The Vice President and Foreign Policy: From “the most insignificant office” to Gore as Russia Czar — Aaron Mannes

VP Gore Russia Czar

INTRODUCTION:
The Clinton administration’s Russia policy specifically empowered a vice president, Al Gore, to play a leading foreign policy role through the Bi-National Commission on Economic and Technological Cooperation, which Gore co-chaired with the Russian Prime Minister. Gore’s important function within the national security process, administering a major, high profile national security program, was a significant moment in the continuing evolution of the vice president’s office, which over the past 60 years has changed from a mere afterthought (once referred to as a Constitutional appendix) to a power-base in its own right. Vice President Gore’s role in the U.S.-Russian bilateral commissions provides an important glimpse into both a high profile foreign policy initiative and into the dynamics of a prominent vice presidential role in national security affairs.

STRATEGY:
The idea for a new forum to increase U.S.-Russia cooperation was initially developed in a 1993 meeting between Russian Foreign Minister Kozyrev and Strobe Talbott (Ambassador to the Newly Independent States, and the Clinton administration’s point-person on Russia policy). After Presidents Yeltsin and Clinton approved the idea, Vice President Gore and Russian Prime Minister Chernomyrdin agreed to be co-chairs and the Gore-Chernomyrdin Commission, or GCC was established. The GCC and its successor commissions were an attempt to establish a stronger and more systematic U.S.-Russian relationship by creating an ongoing process to address a variety of problems as they arose.

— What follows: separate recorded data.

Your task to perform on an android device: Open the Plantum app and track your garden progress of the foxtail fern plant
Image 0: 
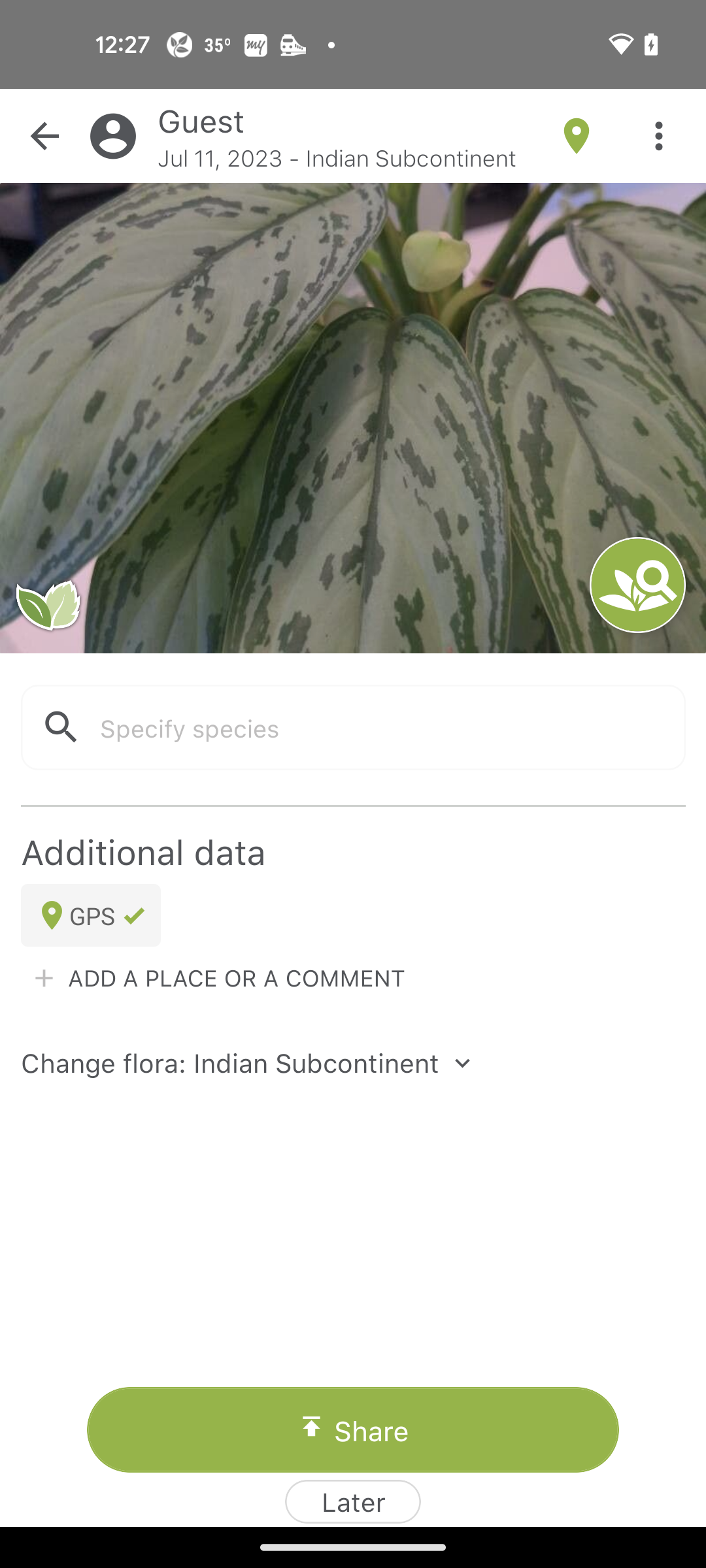
Open Plantum app
Step 0: open app "Plantum"
Image 1: 
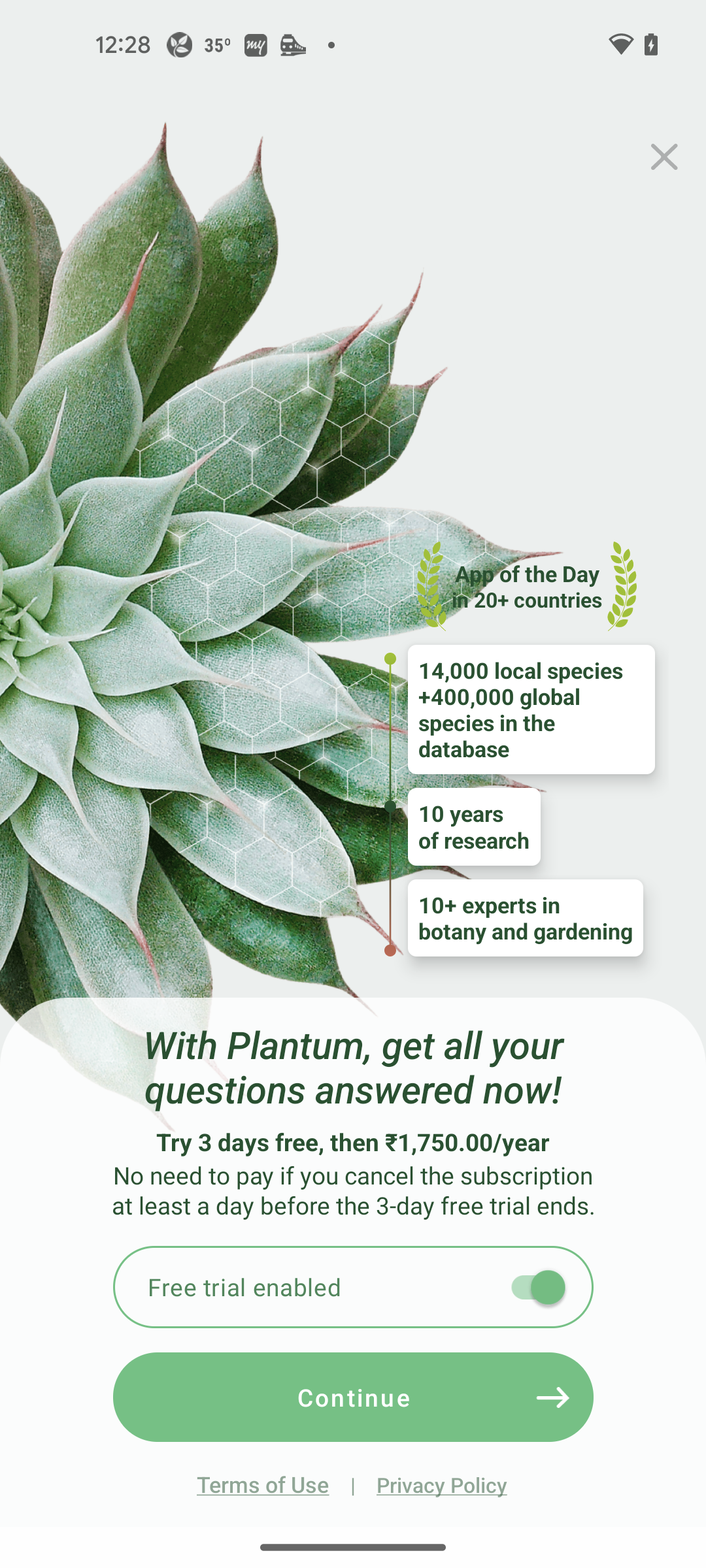
close current tab
Step 1: click (664, 157)
Image 2: 
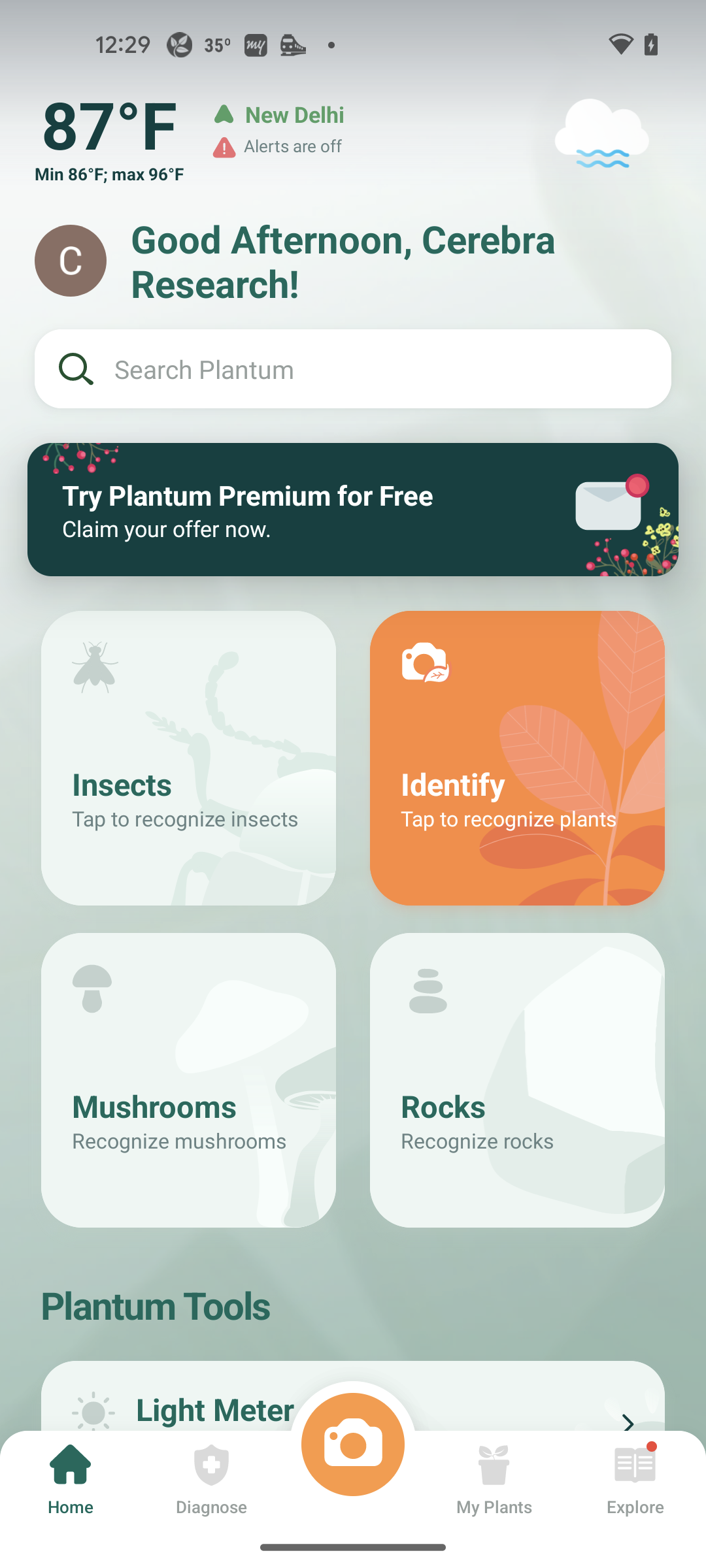
click on my plants tab
Step 2: click (494, 1480)
Image 3: 
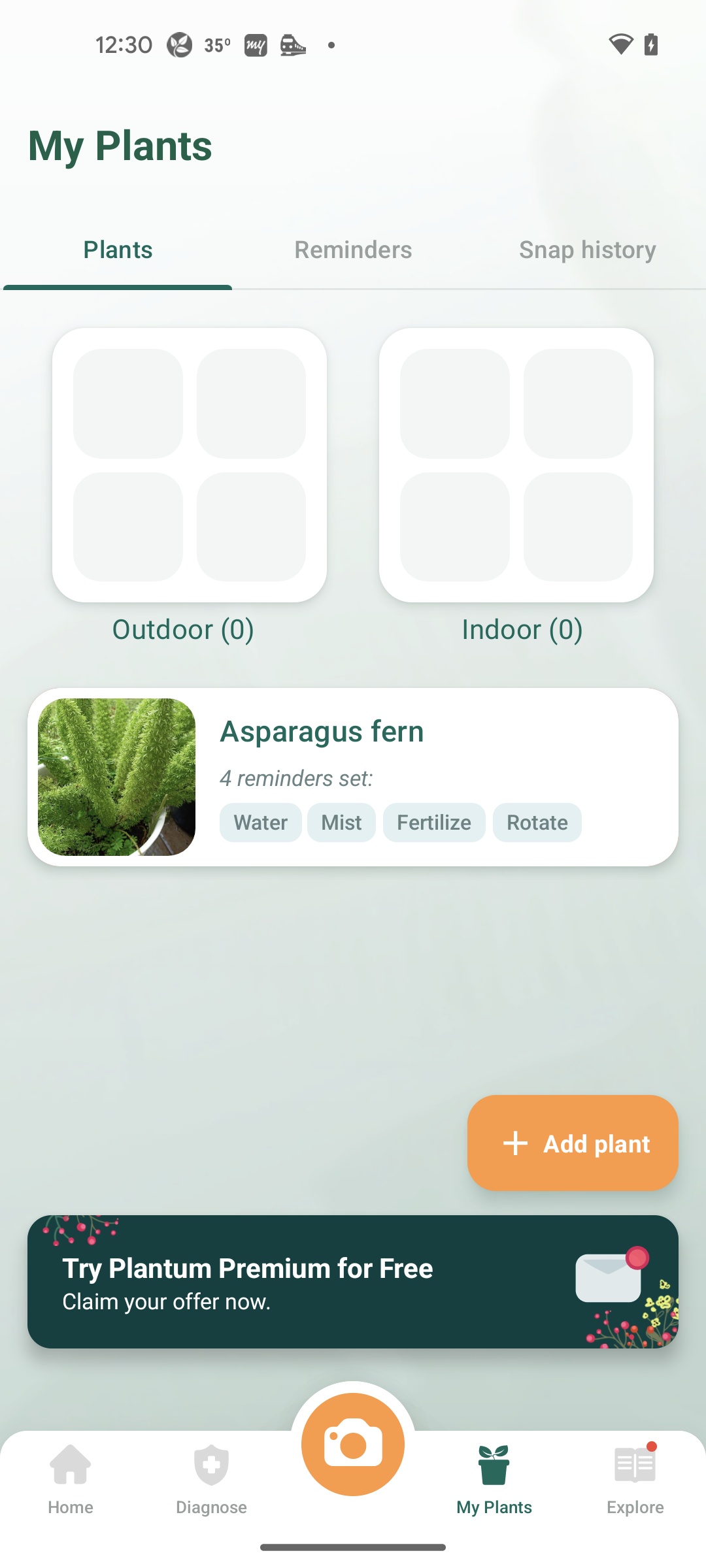
click on Asparagus fern
Step 3: click (445, 732)

The Commission was also a unique, but creative use of the vice presidency. The prestige of the vice presidency had, in the past, made the vice president useful in representing the United States abroad but for most of American history, the vice president acted in a primarily ceremonial capacity. By contrast, the GCC was an active political assignment that also required the vice president’s prestige in order to build a new working relationship with Russia.

INTEGRATED ELEMENTS OF NATIONAL POWER:
The GCC involved the cooperation of multiple cabinet departments and other agencies. Coordination was not always successful. At the policy level, there were instances of tension between the State and Treasury Departments over the impact of economic reforms on political stability; the vice president sided publicly with the State Department. At the bureacratic level, some agencies resisted cooperating with GCC programs. In particular, the U.S. Agency for International Developement (USAID), which was criticized heavily for its initiatives in Russia, saw GCC activities as an intrusion in its affairs. In other cases, because of the vice president’s prominent role in the administration, the GCC pre-empted agency endeavors and the inter-agency process. However, when compared to the instances of other active vice presidents who assumed a line assignment, the turf battles surrounding the GCC were relatively small.

EVALUATION:
A vice president brings a combination of inherent strengths and weaknesses to any major foreign policy line assignment. One weakness is limited staff resources, which for Gore meant that the GCC had no dedicated personnel and was primarily staffed from other agencies by personnel with other duties. Vice presidents also lack formal executive authority, thereby exacerbating staffing and other management problems. In addition, when a vice president plays a prominent advisory role (as Gore did for Clinton) a major line assignment can distract from this responsibility. Gore’s chairmanship of the GCC, and his de facto investment in the GCC’s public success, reduced his ability to serve as an honest broker and/or disinterested observer of Clinton’s Russia policy. However, Gore’s participation in the GCC endowed the Commission with vice presidential prominence and demonstrated both to Moscow and to the world that Russian-American relations were a high priority for the Clinton administration.

RESULTS:
Gore’s GCC had some important successes, particularly on Russian-American security issues. In other areas, such as economic development and democratization, the record was mixed. It is possible that better staffing and coordination could have helped foster more effective aid policies to assist Russian development. Perhaps most importantly, the American sponsored aid and economic reform packages became heavily associated with Russian corruption and the rise of Russian oligarch capitalists, to the enduring detriment of American prestige within Russia.

CONCLUSION:
Overall, the GCC and its successor commissions fulfilled their intended purpose of creating a new mechanism for managing Russian-American relations at the end of the Cold War. Appointing the vice president and the Russian Prime Minister as co-chairs helped establish high-level channels for U.S.-Russian discussions and ensure that the GCC became a serious conduit for negotiations. Nevertheless, though the GCC demonstrates that it might be possible for a careful vice president to manage a line assignment without excessive bureacratic struggles, institutional Gore’s experience with the GCC still also underscores enduring instituational weaknesses associated with vice presidential administration of specific policies or programs.